Step 3: we identify bicliques that occur in protein complexes with a high non-redundant occurrence; while bicliques that occur in only a few interacting chain pairs are not of our primary interests. By ‘occur’, we mean that not only all the residues of the biclique are matched, but also the biclique structure is maintained. In other words, two biclique patterns, P1=(Y1, Y2, E1) and P2=(Y3, Y4, E2), are considered as the same if and only if Y1=Y3, Y2=Y4 and E1=E2 (or Y1=Y4, Y2=Y3 and E1=E2). Assume m number of chain pairs are used, written as chainPairs={chainPair(i)=(SR(i)1, SR(i)2) | i=1, 2,…, m}, where SR(i)1 and SR(i)2 represent the string of residues for the two chains. Transform every chainPair(i)=(SR(i)1, SR(i)2) into a bipartite graph G(i)=(V1(i), V2(i), E(i)). Let BiC be the set of all maximal bicliques in these bipartite graphs G(i), i=1, 2,…, m. For a maximal biclique H(j)=(X1(j), X2(j))∈BiC, its occurrence is determined as follows. We go through {G(i) | i=1, 2,…, m} to count the number of those containing H(j); if the number exceeds a pre-defined threshold sup, then H(j) is a maximal biclique subgraph that corresponds to a biclique pattern of significance. To guarantee a non-redundant occurrence for H(j), actually, we check whether those chainPair(i) containing H(j) have a high BLAST similarity to each other. We remove the redundant chair pairs in the final occurrence counting for H(j).
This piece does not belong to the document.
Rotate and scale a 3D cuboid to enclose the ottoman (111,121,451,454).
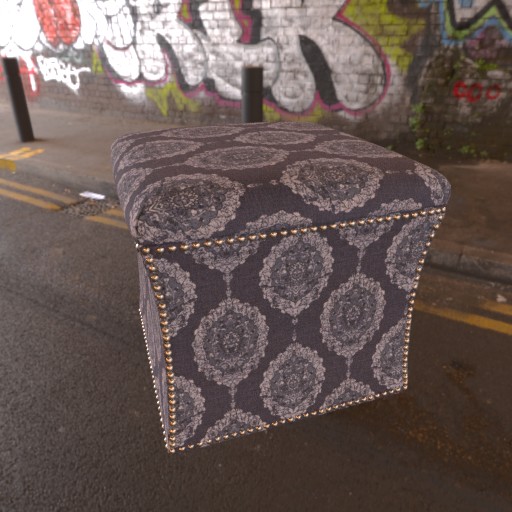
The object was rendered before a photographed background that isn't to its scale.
[{"bbox_3d":[0.000,0.000,0.905,0.507,0.475,0.497,-9,28,-17],"label":"ottoman"}]

Here, chainPair(a) and chainPair(b) are redundant to each other if similarity(SR(a)1, SR(b)1)≥90% and similarity(SR(a)2, SR(b)2)≥90%, or similarity(SR(a)1, SR(b)2)≥90% and similarity(SR(a)2, SR(b)1)≥90%. The protein similarity score was calculated under the default parameter setting of the BLAST software that was downloaded from NCBI (http://www.ncbi.nlm.nih.gov/BLAST/download.shtml). The BLAST database is from the ftp site ftp://ftp.ncbi.nlm.nih.gov/blast/db/.
Our algorithm is termed as biBonder. Its pseudo code is shown in Algorithm 1. This algorithm was implemented in Python and our experiments were conducted in Linux environment with CPU of 2589.845 MHz and RAM of 31 GB. The program takes ∼0.375 s on average to locate all maximal bicliques from a pair of interacting protein chains.
We note that maximal biclique or its generalized form quasi-biclique subgraph has recently emerged in bioinformatics studies for the characterization of protein–protein interactions and their networks (Li et al., 2006; Morrison et al., 2006; Suryani et al., 2008). Here, we have explored a novel use of bicliques in structural bioinformatics.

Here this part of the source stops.